=== Material for this task ===
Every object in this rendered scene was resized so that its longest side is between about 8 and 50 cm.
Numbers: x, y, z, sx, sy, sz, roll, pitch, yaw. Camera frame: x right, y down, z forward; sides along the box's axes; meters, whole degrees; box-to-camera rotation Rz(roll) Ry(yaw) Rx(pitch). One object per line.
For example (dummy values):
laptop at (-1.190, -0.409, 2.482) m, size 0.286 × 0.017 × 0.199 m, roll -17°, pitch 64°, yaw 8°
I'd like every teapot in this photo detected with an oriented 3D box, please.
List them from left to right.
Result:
===
=== Material for this task ===
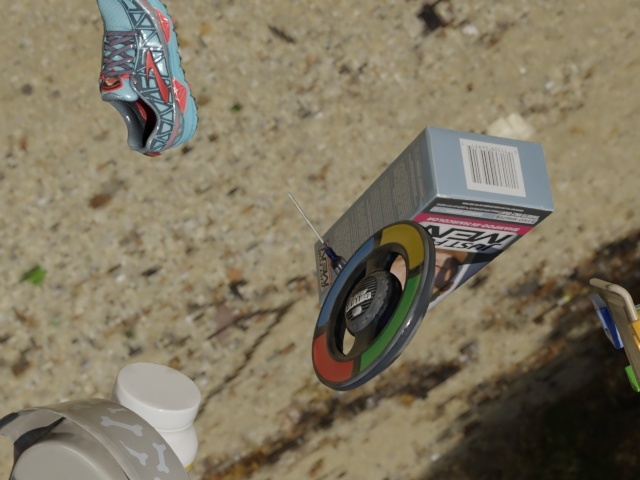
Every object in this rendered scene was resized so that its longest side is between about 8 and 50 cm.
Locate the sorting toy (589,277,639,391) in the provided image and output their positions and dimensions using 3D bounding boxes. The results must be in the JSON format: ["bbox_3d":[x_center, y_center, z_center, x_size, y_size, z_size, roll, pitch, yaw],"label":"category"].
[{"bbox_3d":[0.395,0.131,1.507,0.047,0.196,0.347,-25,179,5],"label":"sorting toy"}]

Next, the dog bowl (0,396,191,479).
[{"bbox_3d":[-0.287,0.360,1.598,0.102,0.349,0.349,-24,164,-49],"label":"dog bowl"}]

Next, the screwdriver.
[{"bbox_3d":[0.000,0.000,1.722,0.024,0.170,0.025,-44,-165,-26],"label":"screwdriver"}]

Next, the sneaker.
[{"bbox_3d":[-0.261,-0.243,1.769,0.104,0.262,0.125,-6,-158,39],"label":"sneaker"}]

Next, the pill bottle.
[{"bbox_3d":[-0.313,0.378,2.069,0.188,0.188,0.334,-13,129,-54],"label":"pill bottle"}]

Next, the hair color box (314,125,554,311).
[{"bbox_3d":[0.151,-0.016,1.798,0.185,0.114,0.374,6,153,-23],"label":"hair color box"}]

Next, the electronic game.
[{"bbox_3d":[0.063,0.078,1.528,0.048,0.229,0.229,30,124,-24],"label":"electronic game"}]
===
• Exercise details: Pick each line holding the word "right" out of the listing.

• Answer box:
Numbers: x, y, z, sx, sy, sz, roll, pitch, yaw. Camera frame: x right, y down, z forward; sides along the box's axes; meters, whole degrees; box-to-camera rotation Rz(roll) Ry(yaw) Rx(pitch). One object per line.
List them from left to right.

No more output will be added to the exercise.